Thomas Flippin
Thomas Flippin is an advocate for new-music and equality in classical music. In 2018, his guitar ensemble, Duo Noire, released their internationally-acclaimed album, Night Triptych, featuring “truly pathbreaking” and “greatly satisfying” premiere recordings of works by diverse women composers they commissioned in 2015. It was named Editor’s Choice for 2018 classical music albums by All Music, I Care if You Listen, and other publications.
Flippin is also an accomplished composer, with recent commissions and performances with the New York Philharmonic, American Composers Forum, Juilliard, the Guitar Foundation of America, the Cleveland Classical Guitar Society in partnership with The Cleveland Orchestra, the Peabody Institute of Johns Hopkins University, and The James Stroud Classical Guitar Competition at the Cleveland Institute of Music.
Thomas Flippin is an original and versatile voice in the world of contemporary music. Whether premiering new works with his pioneering classical guitar ensemble, Duo Noire; performing avant-garde art songs on the theorbo as part of Alicia Hall Moran’s Motown Project; playing otherworldly electric guitar in Heartbeat Opera’s The Extinctionist; or plucking the banjo in the American Repertory Theater’s The Black Clown, Flippin’s playing has been hailed as “lovely” (New York Times), and “spectacularly precise” (St. Louis Post-Dispatch).
Recent concert highlights include: premiering a new double concerto for classical and blues guitars by Chris Brubeck with the Memphis Symphony Orchestra, performances at Carnegie Hall with Alicia Hall Moran and Jason Moran, Lincoln Center’s Mostly Mozart Festival with the American Repertory Theater, the 2022 Guitar Foundation of America Convention, National Sawdust, The Metropolitan Museum, The Cleveland Orchestra, Beijing’s Peking University, the Art Institute of Chicago, and Duo Noire premiering Held Together by Grammy-nominated composer Nathalie Joachim.
Flippin’s 2018 Duo Noire album, Night Triptych, was released on New Focus Recordings as the culmination of a 2015 project he launched through the Diller Quaile School of Music to address the lack of women composers programmed in classical guitar concerts. Featuring new works exclusively by accomplished women composers, it was praised for being a “truly pathbreaking recording” (AllMusic), that is “astounding” for its “sheer musicality” and “goldmine of ideas and feelings” (Stereophile). It was named Editor’s Choice for classical music albums that year by both All Music and I Care if You Listen.
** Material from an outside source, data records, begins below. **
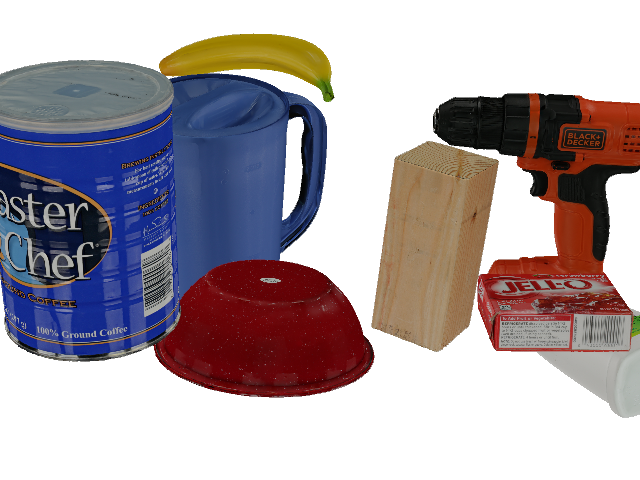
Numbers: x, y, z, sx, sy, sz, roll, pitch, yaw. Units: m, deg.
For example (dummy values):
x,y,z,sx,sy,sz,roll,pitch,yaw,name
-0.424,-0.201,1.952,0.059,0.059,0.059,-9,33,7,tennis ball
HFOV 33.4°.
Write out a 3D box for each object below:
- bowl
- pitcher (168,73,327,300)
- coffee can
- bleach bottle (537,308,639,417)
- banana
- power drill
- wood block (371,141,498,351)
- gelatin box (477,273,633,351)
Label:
x,y,z,sx,sy,sz,roll,pitch,yaw,name
-0.039,0.054,0.772,0.162,0.055,0.162,4,18,-1,bowl
-0.084,-0.021,0.964,0.149,0.243,0.144,11,33,16,pitcher
-0.131,-0.019,0.596,0.103,0.140,0.103,1,26,-1,coffee can
0.242,0.085,1.046,0.102,0.068,0.251,-15,23,-25,bleach bottle
-0.069,-0.187,1.102,0.198,0.037,0.069,10,44,20,banana
0.181,-0.032,0.891,0.184,0.188,0.057,4,29,5,power drill
0.127,0.006,1.196,0.090,0.206,0.090,19,26,26,wood block
0.151,0.045,0.699,0.089,0.030,0.073,0,18,1,gelatin box

As a composer, recent commissions include a string quartet for the Composing Inclusion joint project by Juilliard, the New York Philharmonic, and the American Composers Forum; the Guitar Foundation of America; The Cleveland Classical Guitar Society in partnership with the Cleveland Orchestra; a guitar orchestra piece for the Peabody Institute of Johns Hopkins University; the Yale School of Music Guitar Department; and the New York City Classical Guitar Orchestra. As a student, Flippin studied composition in courses by David Lang, Martin Bresnick, and Michelle McQuade DeWhirst, with additional lessons with Ingram Marshall and John Anthony Lennon.
Flippin graduated with honors from the University of Chicago, where he received the undergraduate composition prize. He then earned Master of Music and Artist Diploma degrees in guitar performance from the Yale School of Music. His primary guitar teachers were Benjamin Verdery, Denis Azabagic, and Dr. Julie Goldberg. Currently, Flippin is on the guitar faculty at Vassar College in New York, and Gateway Community College in New Haven. He plays Glenn Canin and Martin Blackwell guitars.